Monday, July 23, 2018

Road Trip

This weekend I'm going on a road trip with my cousin Mejol.

For years, I was the youngest of 15 first cousins on my mother's side of the family. There were my 8 Jones cousins (children of my mother's brother, Granger and his wife, Elsie), 4 Pugh cousins (children of my mother's sister, Juanette and her husband Lee Pugh), 2 Perkins cousins (children of my mother's sister Georgie and her husband Jim Perkins). And then there was me.

I was in my teens when my mother's sister, Elise (another Elsie) and her husband, Rev, Harvey Ours, adopted my cousin Denise who was 5 or so years younger than me. So, I became the second youngest of 16 first cousins.

Being an only child, my cousins were my older siblings in a real way--just I didn't have to live in the same house as them.

Mejol and Gail Pugh were baby-sitters for me. The others were role-models. Six of the 16 are dead now. But Jan/Ann are turning 80 on Saturday.

Jan and Ann Jones were twins and I couldn't tell them apart as a child so I called which ever one was around "Jan/Ann".

The last road trip Mejol and I took was to my last aunt or uncle--Elsie's, Denise's mother--funeral in Charleston. Mejol lives in Baltimore so I went there, spent the night and then we drove to Charleston and spent a night there before driving back to Baltimore.

Jan/Ann's birthday party is in Elliston, Virginia--a dozen miles east of Roanoke.

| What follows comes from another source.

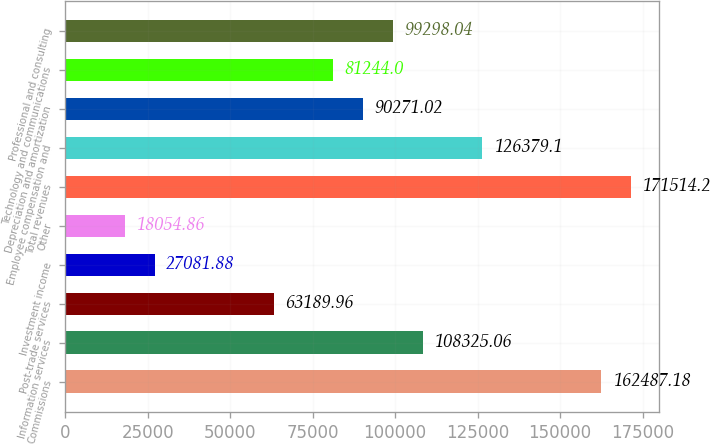Convert chart to OTSL. <chart><loc_0><loc_0><loc_500><loc_500><bar_chart><fcel>Commissions<fcel>Information services<fcel>Post-trade services<fcel>Investment income<fcel>Other<fcel>Total revenues<fcel>Employee compensation and<fcel>Depreciation and amortization<fcel>Technology and communications<fcel>Professional and consulting<nl><fcel>162487<fcel>108325<fcel>63190<fcel>27081.9<fcel>18054.9<fcel>171514<fcel>126379<fcel>90271<fcel>81244<fcel>99298<nl></chart>

I hope all my living cousins are there. Some of them I haven't seen in decades.

Mejol lives farther north than any of them. I have lived in Connecticut for 38 years. There is a Jones family reunion every year or so, but always far away and on Saturday and I work on Sundays, so I've never made it to one.

I'm really looking forward to it--especially 4 hours down from Baltimore and 4 hours back with Mejol. She's the one cousin who's always been in my life.

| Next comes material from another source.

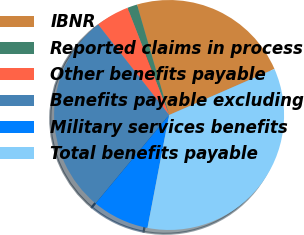Convert chart. <chart><loc_0><loc_0><loc_500><loc_500><pie_chart><fcel>IBNR<fcel>Reported claims in process<fcel>Other benefits payable<fcel>Benefits payable excluding<fcel>Military services benefits<fcel>Total benefits payable<nl><fcel>22.95%<fcel>1.38%<fcel>4.7%<fcel>28.38%<fcel>8.02%<fcel>34.57%<nl></chart>

It will be a trip full of nostalgia and memory.

I can hardly wait.



Friday, July 20, 2018

my fault, my own fault, my most grievious fault

From the beginning, I've had a hard time understanding how thinking people could support our President, He-Who-Will-Not-Be-Named. It just made no sense to me how anyone could vote for a p***y grabbing, habitual liar who called everyone names and seemed to not know the meaning of 'decorum'.

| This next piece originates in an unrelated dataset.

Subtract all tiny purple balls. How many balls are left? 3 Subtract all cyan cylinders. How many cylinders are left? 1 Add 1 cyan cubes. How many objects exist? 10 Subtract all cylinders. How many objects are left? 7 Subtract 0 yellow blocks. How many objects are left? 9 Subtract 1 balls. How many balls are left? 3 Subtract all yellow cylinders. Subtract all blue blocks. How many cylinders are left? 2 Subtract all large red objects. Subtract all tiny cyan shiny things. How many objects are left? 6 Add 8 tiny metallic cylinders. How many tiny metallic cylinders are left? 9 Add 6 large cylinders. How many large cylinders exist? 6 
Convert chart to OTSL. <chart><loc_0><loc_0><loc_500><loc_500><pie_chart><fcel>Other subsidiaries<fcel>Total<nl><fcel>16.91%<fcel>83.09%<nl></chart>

But after the last week--the trashing of our NATO allies, the nightmare in Helsinki, the walk backs that are impossible to believe, Michael Cohen's recorded conversation that 'never happened' and now Rudy says obviously did, and the disregard of the intelligence apparatus that keeps us safe and the inexplicable 'bro-mance' with the leader of the country that has been our greatest enemy since WW II, plus tariffs that could cause a global economic melt-down--how can anyone believe this guy is in any way qualified or competent to be the leader of the free world.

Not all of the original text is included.